New insights on the path to curing chronic HIV infections
Transmission electron microscopic image showing HIV-particles grown in co-culture with lymphocytes.
AIDS, an immunodeficiency disease caused by infection with the human immunodeficiency virus (HIV), is one of the ten leading causes of death worldwide. Thanks to antiviral therapies, the disease can be treated, but there is still no cure. A large-scale comparative study by scientists at the German Center for Infection Research (DZIF) and University Medical Center Hamburg-Eppendorf indicates a critical role of a group of specialised immune cells in suppressing the antiviral immune response of HIV-infected patients.
HIV predominantly infects cells of the immune system, in particular so-called regulatory T cells. Their function is to suppress overactivation of the immune system and thus prevent the development of autoimmune diseases. Regulatory T cells carry various proteins on their surfaces, including the enzymes CD39 and CD73. Their task is to convert immune response-activating molecules into immune response-suppressing substances.
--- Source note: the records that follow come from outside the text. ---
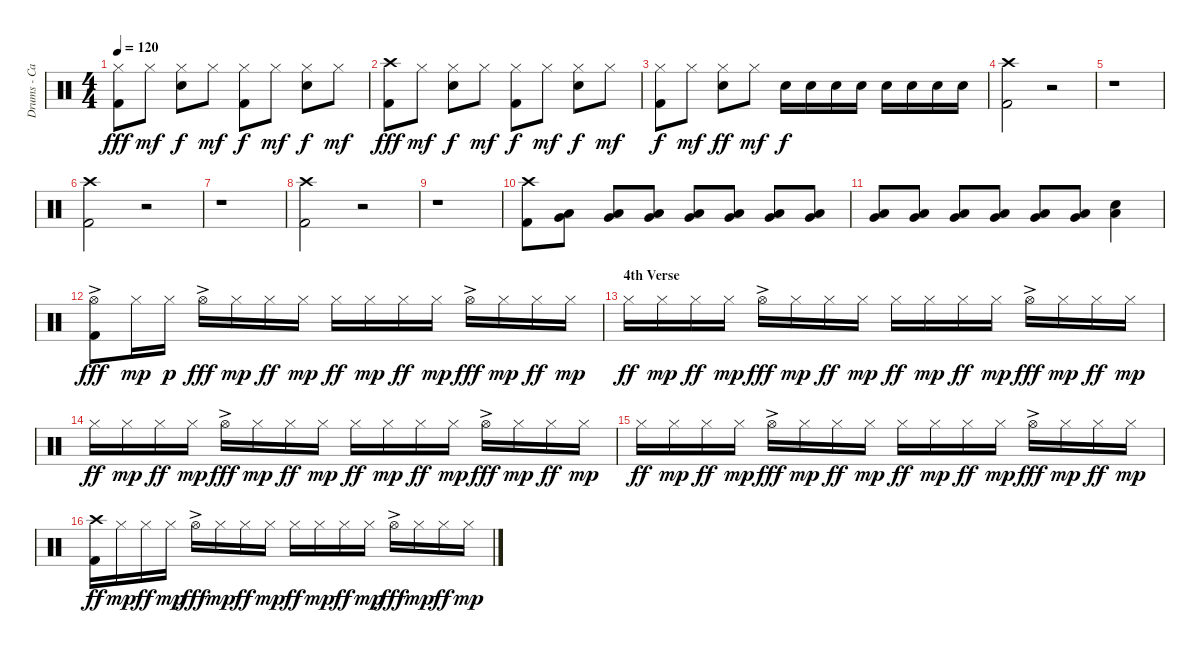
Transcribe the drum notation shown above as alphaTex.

\track ("Drums - Carl Palmer" "Drums - Ca") {instrument percussion}
\staff {score}
\articulation defaults
\ts (4 4)
\tempo 120
\clef neutral
\ks c
("Hi-Hat (closed)" "Kick (hit) 2").8{dy fff} "Hi-Hat (closed)".8{dy mf} ("Hi-Hat (closed)" "Snare (hit) 2").8{dy f} "Hi-Hat (closed)".8{dy mf} ("Hi-Hat (closed)" "Kick (hit) 2").8{dy f} "Hi-Hat (closed)".8{dy mf} ("Hi-Hat (closed)" "Snare (hit) 2").8{dy f} "Hi-Hat (closed)".8{dy mf} |
("Crash high (hit)" "Kick (hit) 2").8{dy fff} "Hi-Hat (closed)".8{dy mf} ("Hi-Hat (closed)" "Snare (hit) 2").8{dy f} "Hi-Hat (closed)".8{dy mf} ("Hi-Hat (closed)" "Kick (hit) 2").8{dy f} "Hi-Hat (closed)".8{dy mf} ("Hi-Hat (closed)" "Snare (hit) 2").8{dy f} "Hi-Hat (closed)".8{dy mf} |
("Hi-Hat (closed)" "Kick (hit) 2").8{dy f} "Hi-Hat (closed)".8{dy mf} ("Hi-Hat (closed)" "Snare (hit) 2").8{dy ff} "Hi-Hat (closed)".8{dy mf} "Snare (hit) 2".16{dy f} "Snare (hit) 2".16 "Snare (hit) 2".16 "Snare (hit) 2".16 "Snare (hit) 2".16 "Snare (hit) 2".16 "Snare (hit) 2".16 "Snare (hit) 2".16 |
("Crash high (hit)" "Kick (hit) 2").2 r.2 |
r.1 |
("Crash high (hit)" "Kick (hit) 2").2 r.2 |
r.1 |
("Crash high (hit)" "Kick (hit) 2").2 r.2 |
r.1 |
("Crash high (hit)" "Kick (hit) 2").8 ("Low Floor Tom (hit)" "Very Low Tom (hit)").8 ("Low Floor Tom (hit)" "Very Low Tom (hit)").8 ("Low Floor Tom (hit)" "Very Low Tom (hit)").8 ("Low Floor Tom (hit)" "Very Low Tom (hit)").8 ("Low Floor Tom (hit)" "Very Low Tom (hit)").8 ("Low Floor Tom (hit)" "Very Low Tom (hit)").8 ("Low Floor Tom (hit)" "Very Low Tom (hit)").8 |
("Low Floor Tom (hit)" "Very Low Tom (hit)").8 ("Low Floor Tom (hit)" "Very Low Tom (hit)").8 ("Low Floor Tom (hit)" "Very Low Tom (hit)").8 ("Low Floor Tom (hit)" "Very Low Tom (hit)").8 ("Low Floor Tom (hit)" "Very Low Tom (hit)").8 ("Low Floor Tom (hit)" "Very Low Tom (hit)").8 ("Low Floor Tom (hit)" "Snare (hit) 2").4 |
("Hi-Hat (open)"{ac} "Kick (hit) 2").8{dy fff} "Hi-Hat (closed)".16{dy mp} "Hi-Hat (closed)".16{dy p} "Hi-Hat (open)"{ac}.16{dy fff} "Hi-Hat (closed)".16{dy mp} "Hi-Hat (closed)".16{dy ff} "Hi-Hat (closed)".16{dy mp} "Hi-Hat (closed)".16{dy ff} "Hi-Hat (closed)".16{dy mp} "Hi-Hat (closed)".16{dy ff} "Hi-Hat (closed)".16{dy mp} "Hi-Hat (open)"{ac}.16{dy fff} "Hi-Hat (closed)".16{dy mp} "Hi-Hat (closed)".16{dy ff} "Hi-Hat (closed)".16{dy mp} |
\section ("" "4th Verse")
"Hi-Hat (closed)".16{dy ff} "Hi-Hat (closed)".16{dy mp} "Hi-Hat (closed)".16{dy ff} "Hi-Hat (closed)".16{dy mp} "Hi-Hat (open)"{ac}.16{dy fff} "Hi-Hat (closed)".16{dy mp} "Hi-Hat (closed)".16{dy ff} "Hi-Hat (closed)".16{dy mp} "Hi-Hat (closed)".16{dy ff} "Hi-Hat (closed)".16{dy mp} "Hi-Hat (closed)".16{dy ff} "Hi-Hat (closed)".16{dy mp} "Hi-Hat (open)"{ac}.16{dy fff} "Hi-Hat (closed)".16{dy mp} "Hi-Hat (closed)".16{dy ff} "Hi-Hat (closed)".16{dy mp} |
"Hi-Hat (closed)".16{dy ff} "Hi-Hat (closed)".16{dy mp} "Hi-Hat (closed)".16{dy ff} "Hi-Hat (closed)".16{dy mp} "Hi-Hat (open)"{ac}.16{dy fff} "Hi-Hat (closed)".16{dy mp} "Hi-Hat (closed)".16{dy ff} "Hi-Hat (closed)".16{dy mp} "Hi-Hat (closed)".16{dy ff} "Hi-Hat (closed)".16{dy mp} "Hi-Hat (closed)".16{dy ff} "Hi-Hat (closed)".16{dy mp} "Hi-Hat (open)"{ac}.16{dy fff} "Hi-Hat (closed)".16{dy mp} "Hi-Hat (closed)".16{dy ff} "Hi-Hat (closed)".16{dy mp} |
"Hi-Hat (closed)".16{dy ff} "Hi-Hat (closed)".16{dy mp} "Hi-Hat (closed)".16{dy ff} "Hi-Hat (closed)".16{dy mp} "Hi-Hat (open)"{ac}.16{dy fff} "Hi-Hat (closed)".16{dy mp} "Hi-Hat (closed)".16{dy ff} "Hi-Hat (closed)".16{dy mp} "Hi-Hat (closed)".16{dy ff} "Hi-Hat (closed)".16{dy mp} "Hi-Hat (closed)".16{dy ff} "Hi-Hat (closed)".16{dy mp} "Hi-Hat (open)"{ac}.16{dy fff} "Hi-Hat (closed)".16{dy mp} "Hi-Hat (closed)".16{dy ff} "Hi-Hat (closed)".16{dy mp} |
("Crash high (hit)" "Kick (hit) 2").16{dy ff} "Hi-Hat (closed)".16{dy mp} "Hi-Hat (closed)".16{dy ff} "Hi-Hat (closed)".16{dy mp} "Hi-Hat (open)"{ac}.16{dy fff} "Hi-Hat (closed)".16{dy mp} "Hi-Hat (closed)".16{dy ff} "Hi-Hat (closed)".16{dy mp} "Hi-Hat (closed)".16{dy ff} "Hi-Hat (closed)".16{dy mp} "Hi-Hat (closed)".16{dy ff} "Hi-Hat (closed)".16{dy mp} "Hi-Hat (open)"{ac}.16{dy fff} "Hi-Hat (closed)".16{dy mp} "Hi-Hat (closed)".16{dy ff} "Hi-Hat (closed)".16{dy mp}

In people with HIV infection, it is already known that expression of these enzymes on the surface of regulatory T cells and other immune cells changes in relation to disease parameters—for example, the number of viruses in the body. Previous studies have also shown that CD39-expressing T cells produce a messenger that inhibits other immune cells.
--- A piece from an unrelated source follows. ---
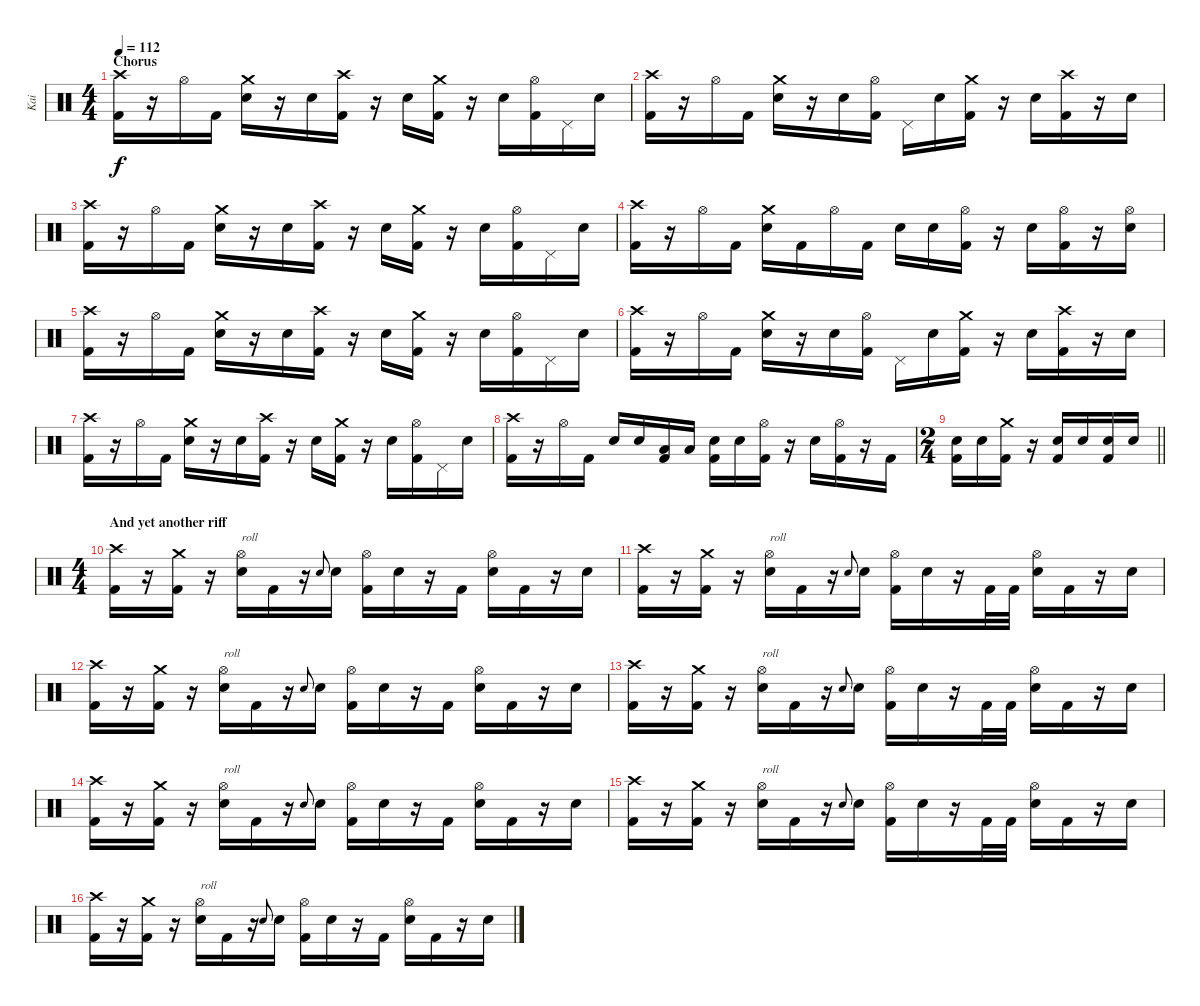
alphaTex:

A research team now compared the expression of CD39 and CD73 enzymes on the surface of certain T cells, which can also act in a regulatory manner, between HIV-infected individuals in different stages of disease and therapy (with or without therapy with antiretroviral drugs) and healthy volunteers.
In the large-scale comparative cohort study, the researchers, led by Prof Schulze zur Wiesch of the German Center for Infection Research (DZIF) and the University Medical Center Hamburg-Eppendorf, found that the number of CD73-expressing T cells decreased and the number of CD39-expressing T cells increased during the course of HIV infection. Furthermore, the amount of CD39-expressing T cells correlated with the condition of the patients: the more CD39-expressing T cells they had, the worse their health.
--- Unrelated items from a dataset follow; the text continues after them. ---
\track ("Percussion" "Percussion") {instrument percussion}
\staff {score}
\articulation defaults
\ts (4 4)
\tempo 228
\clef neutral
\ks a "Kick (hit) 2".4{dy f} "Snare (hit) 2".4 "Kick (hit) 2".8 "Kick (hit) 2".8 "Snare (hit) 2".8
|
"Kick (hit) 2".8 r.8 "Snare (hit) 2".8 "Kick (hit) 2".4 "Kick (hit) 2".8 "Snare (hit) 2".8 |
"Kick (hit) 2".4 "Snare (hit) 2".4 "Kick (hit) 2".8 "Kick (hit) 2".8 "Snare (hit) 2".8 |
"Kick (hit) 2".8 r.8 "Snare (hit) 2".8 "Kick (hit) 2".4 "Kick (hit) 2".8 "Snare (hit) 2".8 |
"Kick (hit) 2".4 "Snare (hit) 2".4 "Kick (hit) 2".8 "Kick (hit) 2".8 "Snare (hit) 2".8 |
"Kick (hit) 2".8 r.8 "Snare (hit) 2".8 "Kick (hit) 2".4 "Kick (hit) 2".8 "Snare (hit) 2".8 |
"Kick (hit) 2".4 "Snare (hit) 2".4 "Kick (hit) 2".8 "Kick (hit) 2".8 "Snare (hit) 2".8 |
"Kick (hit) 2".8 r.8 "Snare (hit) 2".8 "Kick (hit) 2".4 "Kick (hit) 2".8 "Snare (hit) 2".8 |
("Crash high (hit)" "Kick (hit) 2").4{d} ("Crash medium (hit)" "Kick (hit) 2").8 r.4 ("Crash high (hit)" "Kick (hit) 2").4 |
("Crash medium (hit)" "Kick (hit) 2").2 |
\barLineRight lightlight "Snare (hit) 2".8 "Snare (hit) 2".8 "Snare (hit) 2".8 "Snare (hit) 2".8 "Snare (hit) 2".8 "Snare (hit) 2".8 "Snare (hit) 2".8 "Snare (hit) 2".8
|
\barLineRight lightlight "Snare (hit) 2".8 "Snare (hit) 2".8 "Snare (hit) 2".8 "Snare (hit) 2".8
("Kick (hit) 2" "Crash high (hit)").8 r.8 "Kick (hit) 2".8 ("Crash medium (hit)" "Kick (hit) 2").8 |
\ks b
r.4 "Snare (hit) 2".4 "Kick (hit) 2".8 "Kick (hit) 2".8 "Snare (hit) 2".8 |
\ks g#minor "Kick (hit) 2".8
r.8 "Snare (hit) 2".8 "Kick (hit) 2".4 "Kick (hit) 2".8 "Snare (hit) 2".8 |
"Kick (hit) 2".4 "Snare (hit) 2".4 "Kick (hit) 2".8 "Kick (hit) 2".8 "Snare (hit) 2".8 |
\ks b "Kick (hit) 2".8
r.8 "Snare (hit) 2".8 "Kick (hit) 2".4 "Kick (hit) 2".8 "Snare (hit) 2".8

"The results from our study indicate that CD39- and CD73-expressing T cells alter the immune response during disease development of chronic HIV infection," says Prof Schulze zur Wiesch. "As a result, these T cells prevent the patients' immune system from effectively fighting HI viruses" he adds.
Future studies might help to better understand the effects of changes in CD39 and CD73 expression on regulatory T cells, as well as the function of regulatory T cells in HIV, in order to develop long-term cures for infection with HIV.